Natina Kaih admits she did not want a teacher visiting her home. She was embarrassed by the rough neighborhood where she and her children lived and by the stench of urine in the halls of her apartment building. She didn’t want another person judging her.
So when her Washington, D.C. elementary school offered a home visit, she declined. But her children nagged. The other Stanton Elementary students who had visits from teachers had their pictures posted on the bulletin board. Finally, Kaih relented. When teachers for two of her children arrived at her apartment, they played with her children, and they played with her cat. They asked her what she hoped for her children and how the school could help.
“I didn’t feel looked down on. They didn’t talk at me, they talked with me,” Kaih told educators and advocates gathered last week at the U.S. Department of Education. That first home visit, she said, led to deeper engagement in her children’s education, and it led to better attendance.
“It made it easier to want to send my kids to school, because they were enthused about going to school,” she says.
Kaih and her children are part of an ambitious home visiting and family engagement partnership between the Flamboyan Foundation and 27 D.C. public elementary and charter schools. The Family Engagement Partnership, which builds on the work of the Sacramento-based Parent Teacher Home Visit Project and on the Education Department’s Parent Engagement Framework, also includes academic meetings updating families on their children’s progress and activities for learning at home.

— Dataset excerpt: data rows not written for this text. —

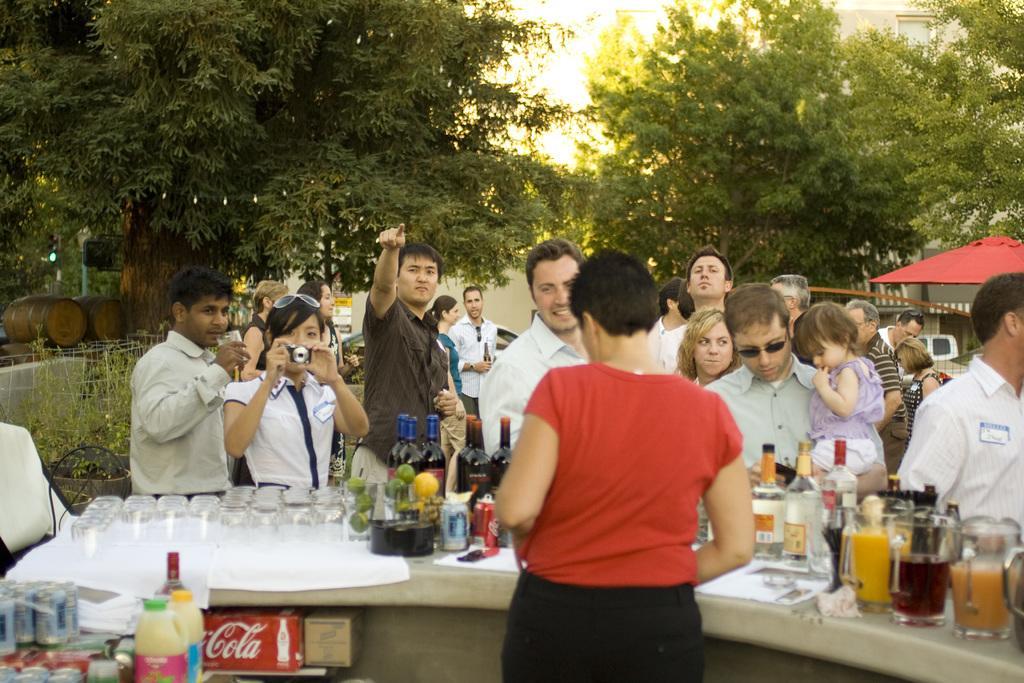In one or two sentences, can you explain what this image depicts? This picture shows a group of people standing and a woman holding a camera and taking a picture and we see other women standing and serving and we see few glasses,bottles on the table and we see trees around 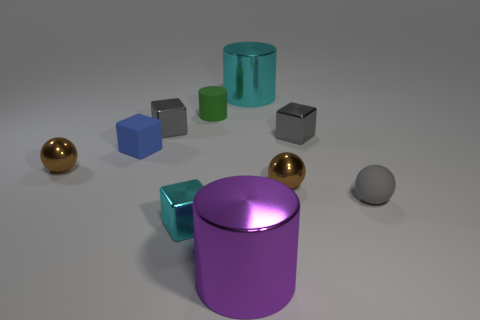Subtract all green balls. How many gray blocks are left? 2 Subtract all shiny cubes. How many cubes are left? 1 Subtract all cyan blocks. How many blocks are left? 3 Subtract all cubes. How many objects are left? 6 Subtract 1 cubes. How many cubes are left? 3 Subtract all tiny blue matte blocks. Subtract all red cubes. How many objects are left? 9 Add 6 tiny brown balls. How many tiny brown balls are left? 8 Add 9 small rubber cubes. How many small rubber cubes exist? 10 Subtract 0 yellow spheres. How many objects are left? 10 Subtract all green blocks. Subtract all yellow cylinders. How many blocks are left? 4 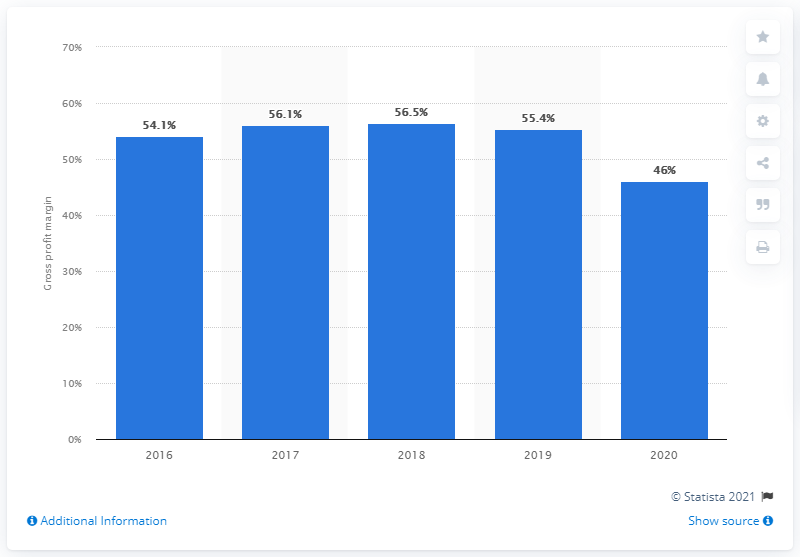Specify some key components in this picture. The gross profit margin of Samsonite in 2020 was 46%.

A study released this fall by Johns Hopkins University researchers shows that the approach is having a positive impact: Students whose families receive a home visit had 24 percent fewer absences – or about three fewer days – than similar students who did not receive a home visit. The students with home visits were also more likely to read at or above grade level.
Kristin Ehrgood, president of the Flamboyan Foundation explains the program’s success simply. “Families are experts in their own children,” she says. “Educators are experts in pedagogy…,” she says. We need a true partnership built on respect and trust.”
The comments came at a gathering hosted by the Education Department as part of the federal Every Student, Every Day initiative. The cross-sector initiative — which also involves the White House and departments of Health and Human Services, Housing and Urban Development, and Justice – aims to reduce chronic absence by 10 percent annually. In Spring 2016, the Education Department’s Office of Civil Rights will for the first time release chronic absence data showing how many students miss 15 or more days a year.
The initiative will include efforts to improve data collection, mentoring and other strategies proven to reduce chronic absence. Family engagement remains key to getting students to school everyday.
“I realized that if I did not had trust from my families, they were not going to send their kids to school,” Heather Hairston, principal of C.W. Harris Elementary School in Southeast D.C., said at Friday’s event. When she instituted the family engagement program, her school saw increases in attendance, decreases in truancy and double digital gain in proficiency.
For Natina Kaih, that first home visit years ago set the tone for her involvement – and her children’s success – at Stanton Elementary School. Her children are now in middle school and reaping the benefits of that early engagement, she says. As proof, she reaches into her pocket and pulls out a folded piece of paper. It’s a certificate showing that her daughter is reading above grade level. “My attitude didn’t change overnight,” she acknowledges, “but it started with that first visit.”